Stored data
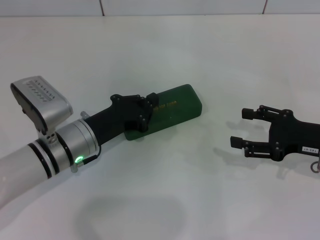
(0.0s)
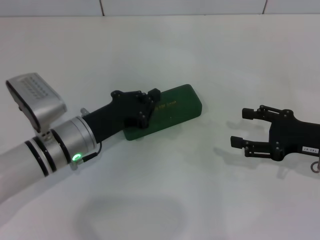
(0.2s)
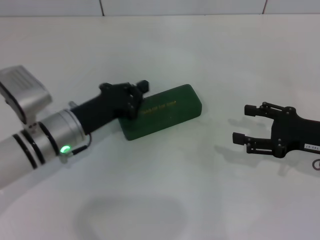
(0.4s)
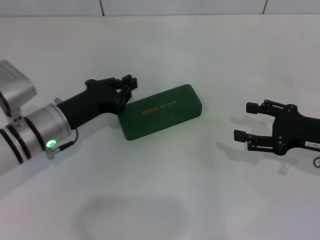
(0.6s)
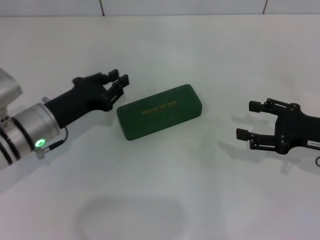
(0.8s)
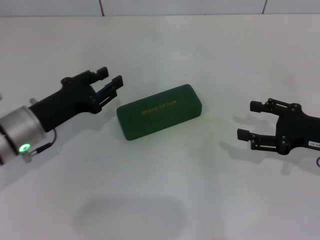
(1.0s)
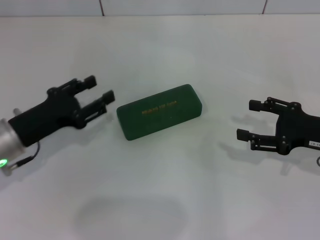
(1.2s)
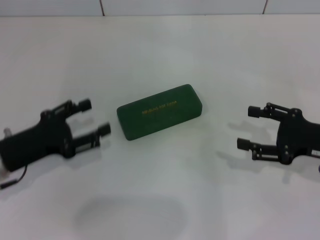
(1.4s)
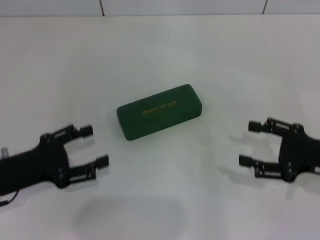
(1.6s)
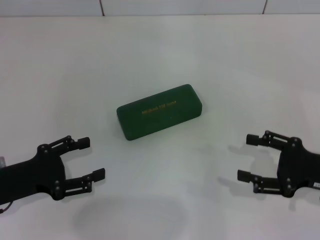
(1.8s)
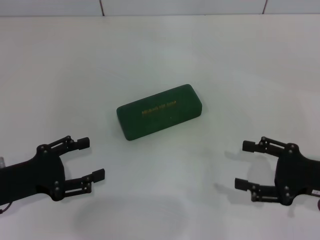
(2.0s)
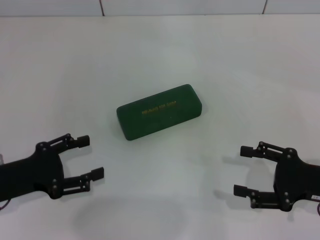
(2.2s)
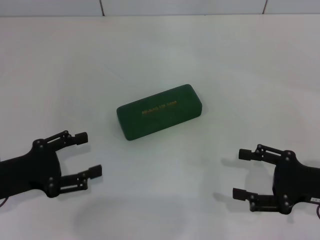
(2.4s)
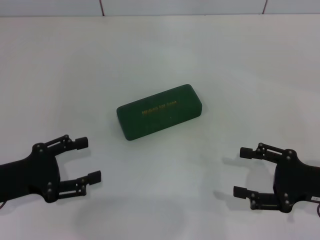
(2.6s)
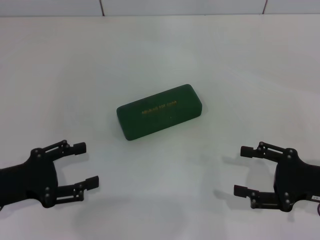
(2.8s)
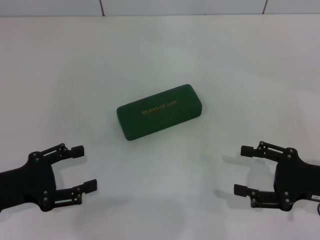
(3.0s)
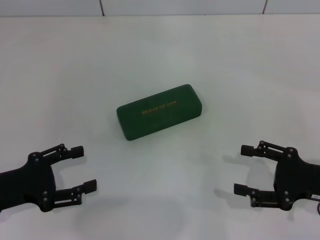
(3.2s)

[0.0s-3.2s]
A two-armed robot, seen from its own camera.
0.0s to 1.6s: The left gripper travels to the left and backward by some 15 cm, and opens up.
1.6s to 3.2s: The grippers move only a little.

_Work instructions_
All entries must be output unchanged, with every picture omitted.

_Output for this exercise_
(0.0s)
(0.2s)
(0.4s)
(0.6s)
(0.8s)
(1.0s)
(1.2s)
(1.4s)
(1.6s)
(1.8s)
(2.0s)
(2.2s)
(2.4s)
(2.6s)
(2.8s)
(3.0s)
(3.2s)

[0.0s-3.2s]
A two-armed robot, seen from its own camera.
0.0s to 1.6s: The left gripper travels to the left and backward by some 15 cm, and opens up.
1.6s to 3.2s: The grippers move only a little.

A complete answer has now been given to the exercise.